A Navy spokesman declined to confirm that Pentagon officials had been apprised of the evidence presented last week to the Defense Criminal Investigative Service. But whether or not the switches were properly manufactured and tested, he said, tests conducted at later stages of the fuzes’ and missiles’ production demonstrated that the missiles’ performance was unaffected.
“No technical problems have arisen with any of these missiles, nor have there been any known failures of stator switches,” the spokesman said.
Both the Phoenix and the AMRAAM, however, have had troubles throughout their development, not all of which have been fully explained. Los Angeles-based Hughes Aircraft, the prime contractor on the Phoenix, has shut down its Tucson, Ariz., production plant twice since 1984 to correct severe quality control problems.
The General Accounting Office charged in 1986 that the Air Force had been grossly unrealistic in forecasting the technical risks involved in building the AMRAAM, though the missile in the past has reported to have performed well in tests.
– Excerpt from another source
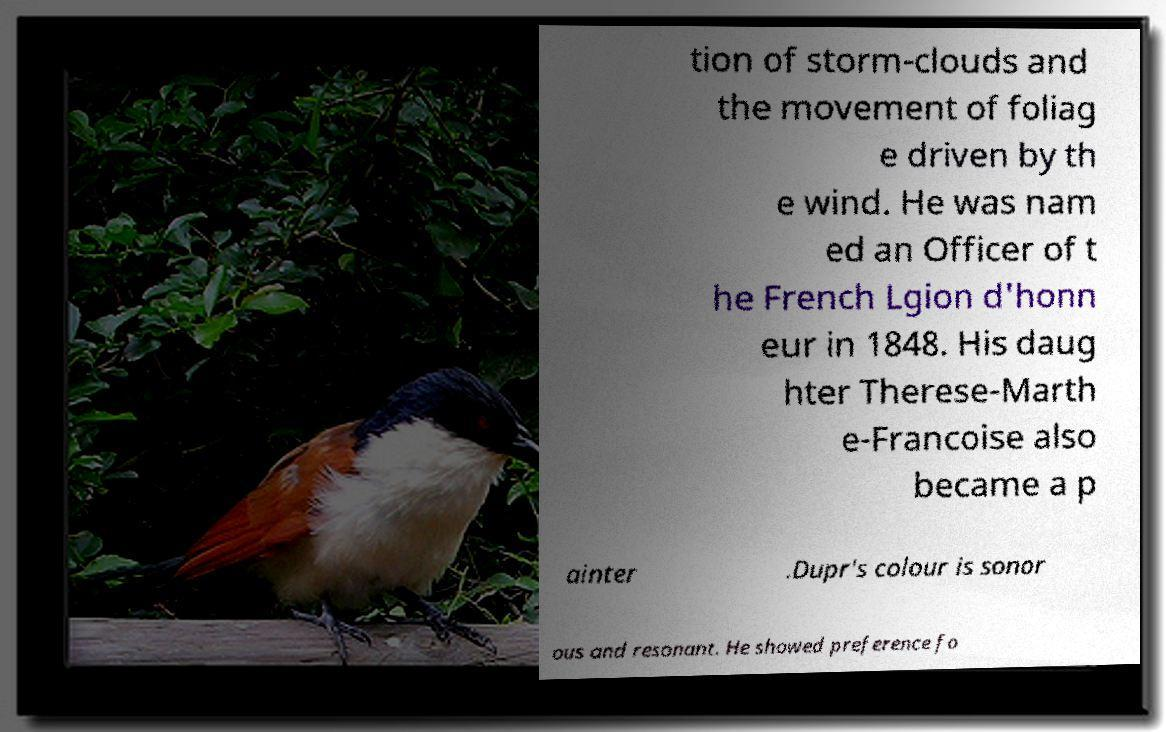Please read and relay the text visible in this image. What does it say? tion of storm-clouds and the movement of foliag e driven by th e wind. He was nam ed an Officer of t he French Lgion d'honn eur in 1848. His daug hter Therese-Marth e-Francoise also became a p ainter .Dupr's colour is sonor ous and resonant. He showed preference fo

An Air Force spokesman in Washington said he would have no comment.
Appleby said Micronics, a 150-employee company, had lost $2.5 million in the last nine months in complying with government inspectors’ and investigators’ demands, going so far as to employ one quality-control inspector for every manufacturing worker.
“The Navy air people just finished a week-long audit of our facilities,” he said. “They gave us a glowing report. They said they had never seen a company turn around as quickly as this company had.”